In Lehrbuch der Botanik (1834–1840) Bischoff presented in detail the morphology and physiology of plants. He concurred with Goethe’s assumption that all parts and organs of the plant orginate from the leaf. The Lehrbuch contains a synopsis of plant pathology and one of the first histories of botany. In a clear and orderly fashion, Bischoff treats botanical knowledge up to 1837, when Matthias Schleiden’s cell theory was published. His Handbuch der botanischen Terminologie und Systemkunde (1833–1844) is still of value as a general survey of the plant kingdom, for orientation on the development of botanical terminology, and for its discussion of numerous synonyms and the history of plant classification. Several of the nearly 4,000 figures that Bischoff himself drew for the book are still used in textbooks.

BIBLIOGRAPHY

I. Orginal Works. A complete bibliography of Bischoff’s works is in G. A. Pritzel, Thesaurus literaturae botanicae, new ed. (Leipzig, 1872), pp. 27–28. Among his works are Die botanische Kunstsprache (Nuremberg, 1822); Die kryptogamischen Gewaechse, 2 pts. (Nuremberg, 1828); Handbuch der botanischen Terminologie und Systemkunde, 3 vols. (Nuremberg, 1833–1844); and Lehrbuch der Botanik, 3 vols. (Stuttgart, 18834–1840).

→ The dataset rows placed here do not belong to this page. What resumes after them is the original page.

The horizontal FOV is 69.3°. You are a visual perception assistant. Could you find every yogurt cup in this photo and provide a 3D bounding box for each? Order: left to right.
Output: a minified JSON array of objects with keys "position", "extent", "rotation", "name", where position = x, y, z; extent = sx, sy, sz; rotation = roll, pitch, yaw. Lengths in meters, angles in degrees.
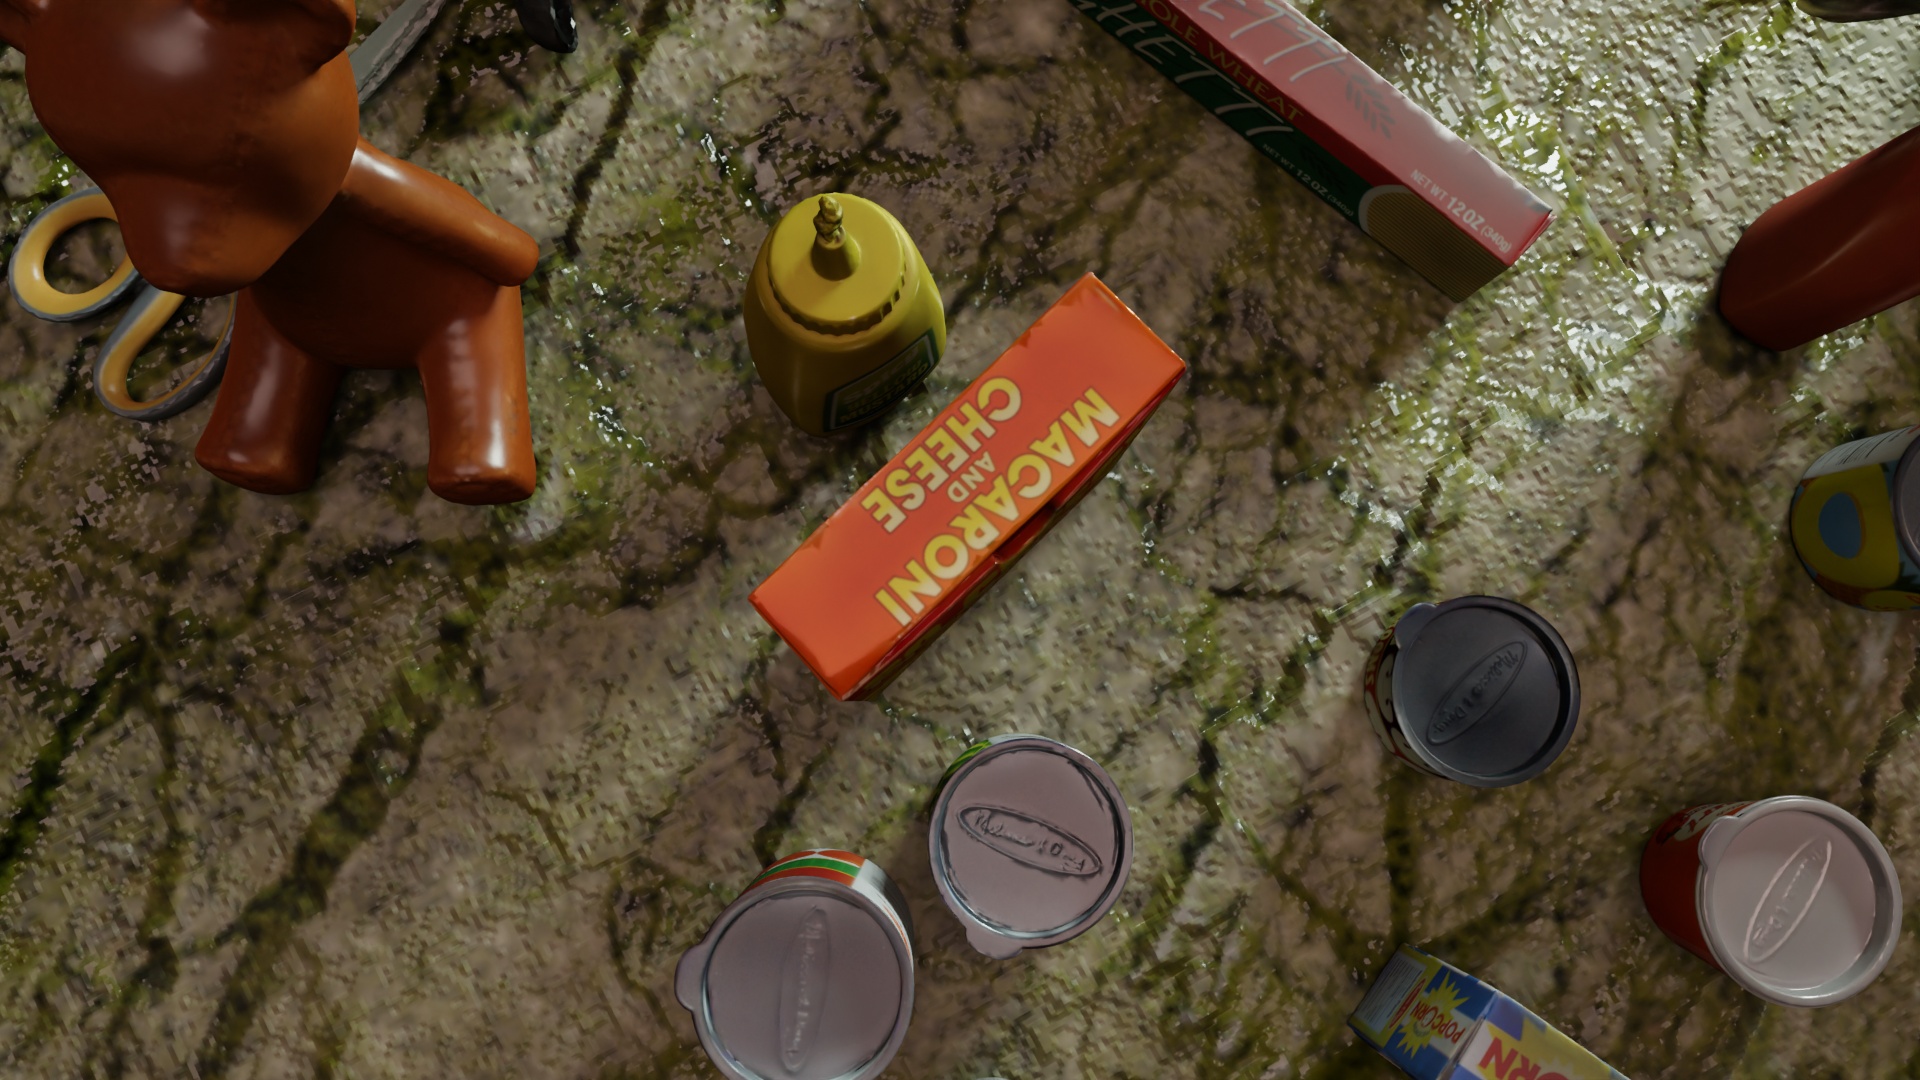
[{"position":[0.273,0.120,0.477],"extent":[0.072,0.054,0.072],"rotation":[0,84,-2],"name":"yogurt cup"}]

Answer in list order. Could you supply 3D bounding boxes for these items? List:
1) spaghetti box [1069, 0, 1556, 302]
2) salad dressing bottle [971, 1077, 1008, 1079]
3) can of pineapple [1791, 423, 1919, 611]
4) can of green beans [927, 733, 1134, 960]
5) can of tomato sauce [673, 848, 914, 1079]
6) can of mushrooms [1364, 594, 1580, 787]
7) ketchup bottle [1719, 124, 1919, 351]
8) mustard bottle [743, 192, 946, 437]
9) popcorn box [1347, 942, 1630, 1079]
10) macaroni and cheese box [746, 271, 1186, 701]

II. Secondary Literature. Works on Bischoff are Botanische Zeitung, 12 (1854), no.39; Martin Möbius, Geschichte der Botanik (Jena, 1937), pp. 85, 122, 135, 152; Neue deutsche Biographie, II (Berlin, 1955), 263; Claus Nissen, Die botanische Buchillustration, 2 vols. (Stuttgart, 1951), see especially 1, 217, and list of works illustrated by Bischoff in II, 16, nos 165–167; 117, no. 1288; M. Seubert, “G. W. Bischoff,” in Badische Biographien, 1 (Heidelberg, 1875), 86; and E. Stöbler, Geschicte der medizinischen Fakultät der Universität Heidelberg (Heidelberg, 1926), pp. 1267, 274, 297.